How to solve system of linear diophantine equation with parameters

Question

Welcome,

I have a problem with this excercise:

A jeweler sold 60 watches of brand X last month for a total of € 1920. There are two types of this brand: one with stopwatch and one without. The watch with stopwatch is € 18 more expensive than the other type. The watch without a stopwatch costs more than € 20. How many watches of each type did the jeweler sell last month?

I tried to solve this system of eqations:

$$\begin {array} \\ x+y=60 \\ (38+k)x + (20+k)y = 1920 \end {array}$$

But I have no idea how I have to handle a linear diophantine equation with this k parameter.

I hope that you can help me.

Answer 1

We have that

$$x+y=60$$ $$(38+k)x+(20+k)y=1920$$

Multiplying the first equation by $(20+k)$ we get

$$(20+k)x+(20+k)y=60(20+k)$$ $$(38+k)x+(20+k)y=1920$$

Subtracting, we have $18x=720-60k$. Hence $x=40-\frac{10k}{3}$.

And since $x+y=60$, we have that $y=20+\frac{10k}{3}$.

The fact that $x$, $y$ are integers implies that $\frac{10k}{3}$ is an integer. Hence $3$ must divide $k$.

The fact that $x,y\ge0$, gives us that $40-\frac{10k}{3}\ge0$ and $20+\frac{10k}{3}\ge0$. Hence $-20\le\frac{10k}{3}\le40$. So $-6\le k\le12$.

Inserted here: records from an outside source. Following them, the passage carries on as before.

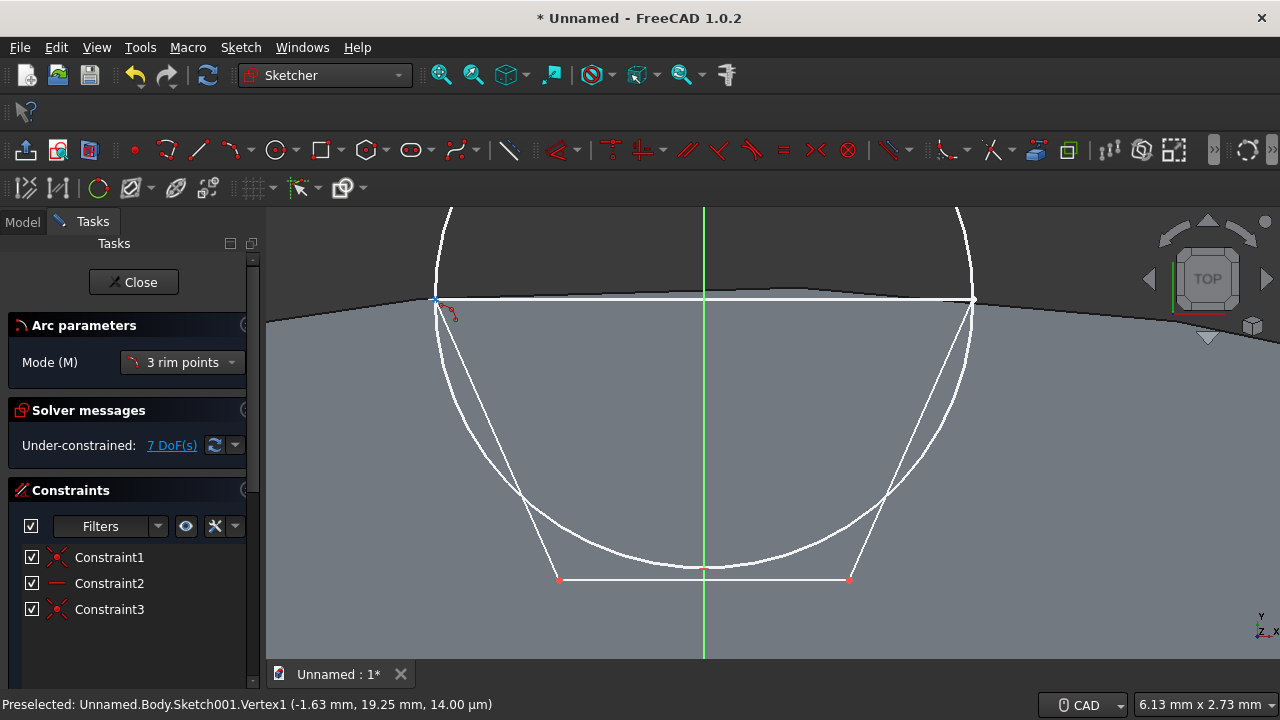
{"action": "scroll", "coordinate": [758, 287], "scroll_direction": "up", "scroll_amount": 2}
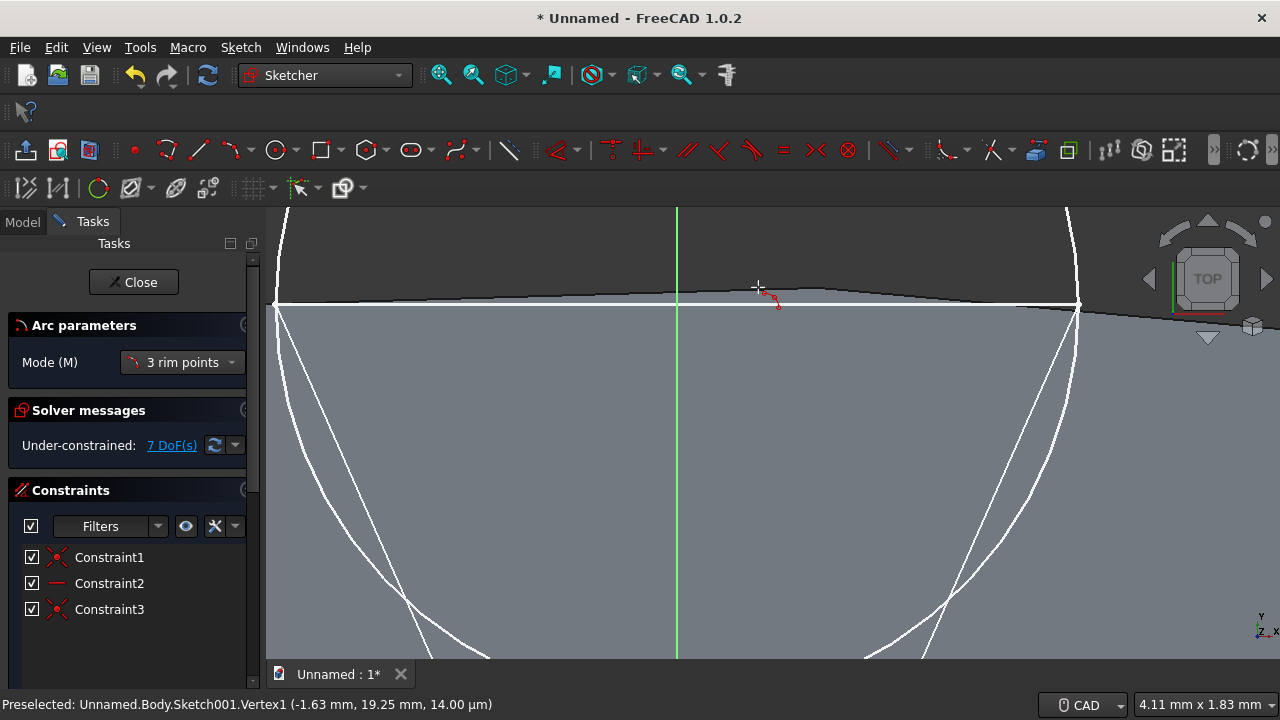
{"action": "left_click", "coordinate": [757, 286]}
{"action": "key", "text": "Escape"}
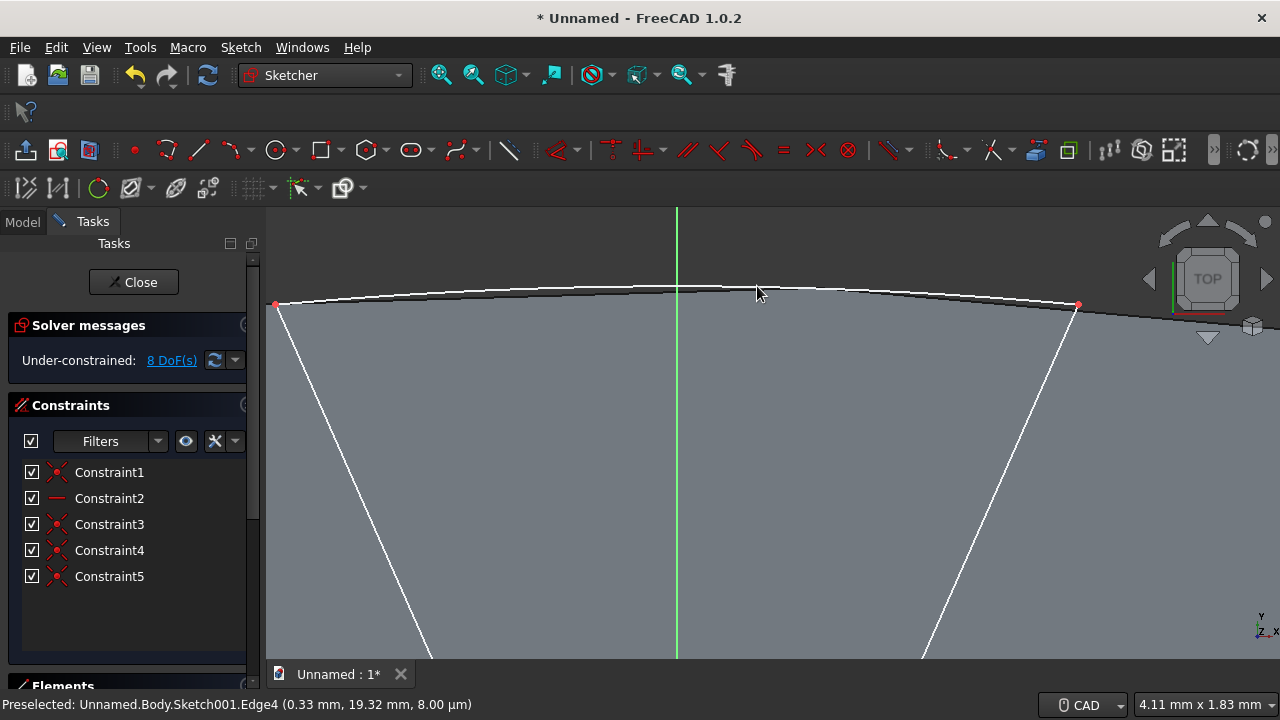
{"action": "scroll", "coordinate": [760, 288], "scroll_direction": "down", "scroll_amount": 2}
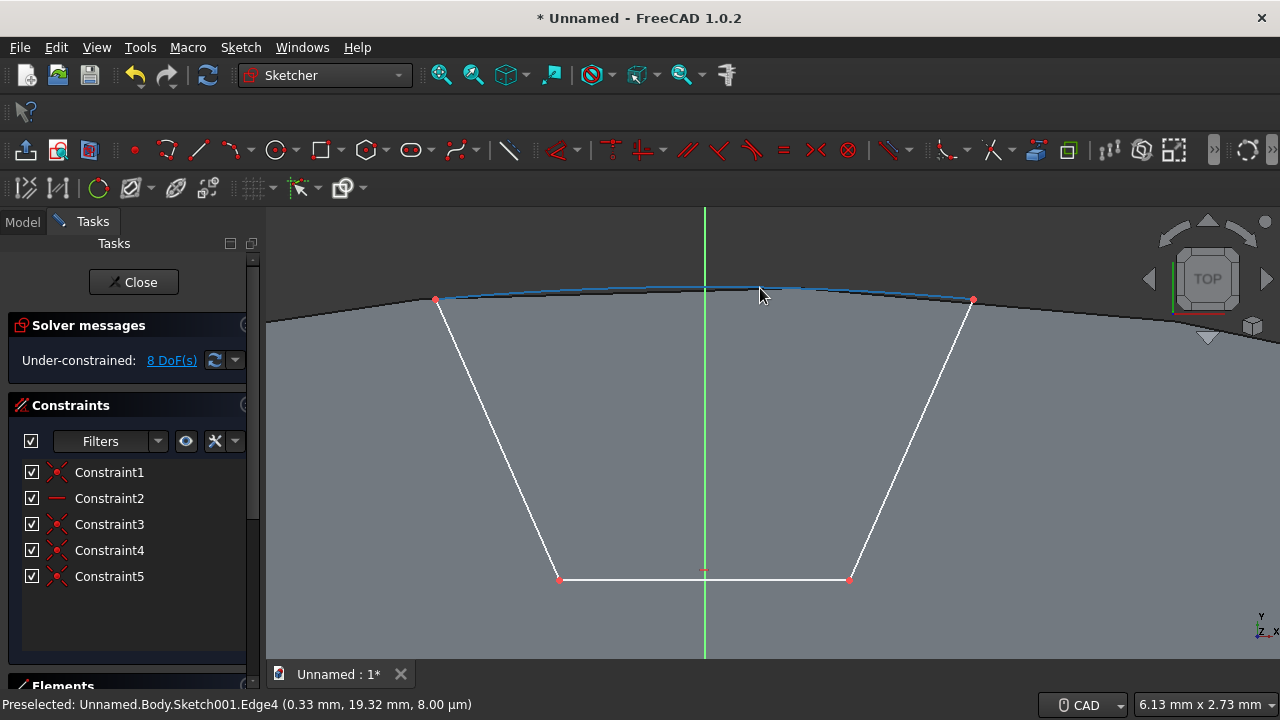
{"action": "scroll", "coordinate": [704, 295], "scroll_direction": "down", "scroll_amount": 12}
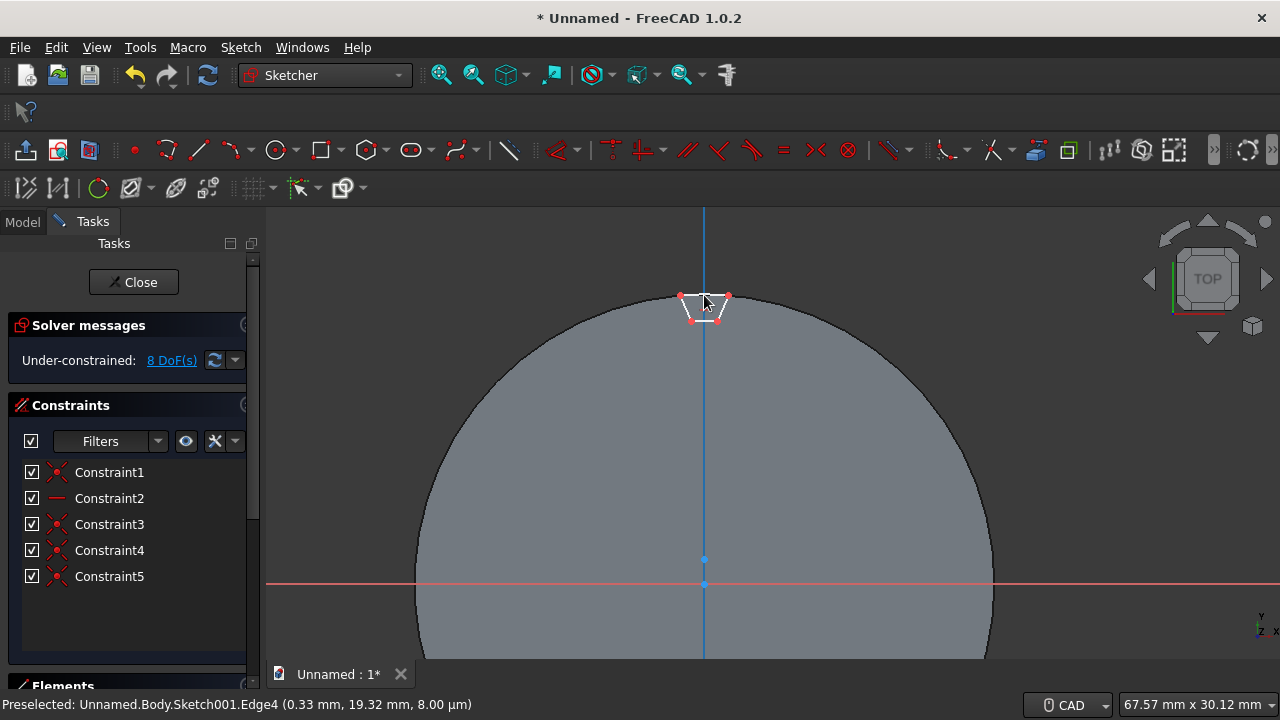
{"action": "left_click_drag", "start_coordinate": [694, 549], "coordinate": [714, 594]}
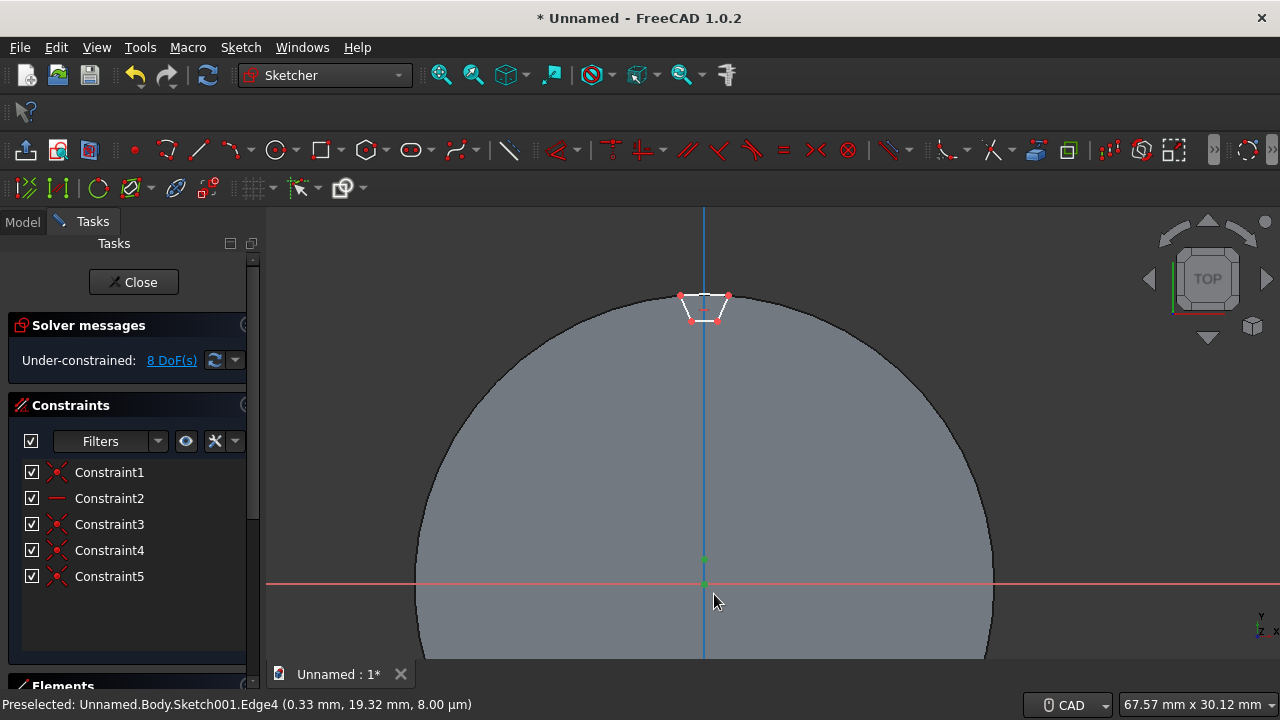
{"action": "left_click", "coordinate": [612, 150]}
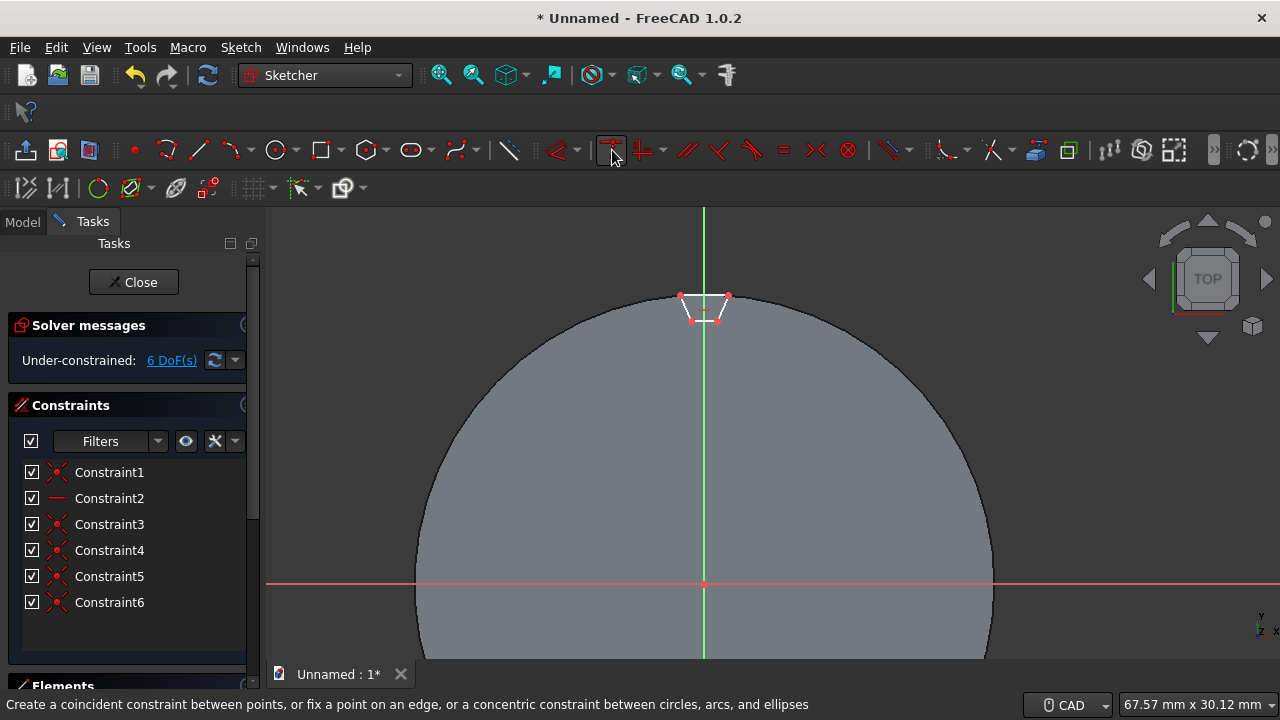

Hence $k$ must be either $-6,-3,0,3,6,9,12$;

in which case $(x,y)$ would be $(60,0),(50,10),(40,20),(30,30),(20,40),(10,50),(0,60),$ respectively.

Edit: The above solution contains one or two mistakes. First, $20+k$ was the price of the watches that did not have stopwatches. Since we were given that these watches cost more than € $20$, it follows that $k>0$.

Hence the value of $k$ should really be either $3,6,9,12$;

In which case $(x,y)$ would be $(30,30),(20,40),(10,50),(0,60),$ respectively.

The other potential mistake I made was assuming that $k$ was an integer. We clearly have that $x$, $y$ are non-negative integers, since these denote the number of each type of watch that was sold. We also have that $\frac{10k}{3}$ is an integer since $x=40-\frac{10k}{3}$.

So if we drop the assumption that $k$ is an integer, then we're just left with the fact that $\frac{10k}{3}$ is an integer with $0<\frac{10k}{3}\le40$.

It follows that $\frac{10k}{3}$ must be either $1,2,3,\ldots,38,39,40$;

in which case $k$ must be either $0.3,0.6,0.9,\ldots,11.4,11.7,12$;

and $(x,y)$ would be either $(39,21),(38,22),(37,23),\ldots,(2,58),(1,59),(0,60)$ respectively.

Hence if we drop the assumption that $k$ is an integer, then the solutions are the pairs of integers $(x,y)$ with $y=60-x$ and $0\le x\le39$.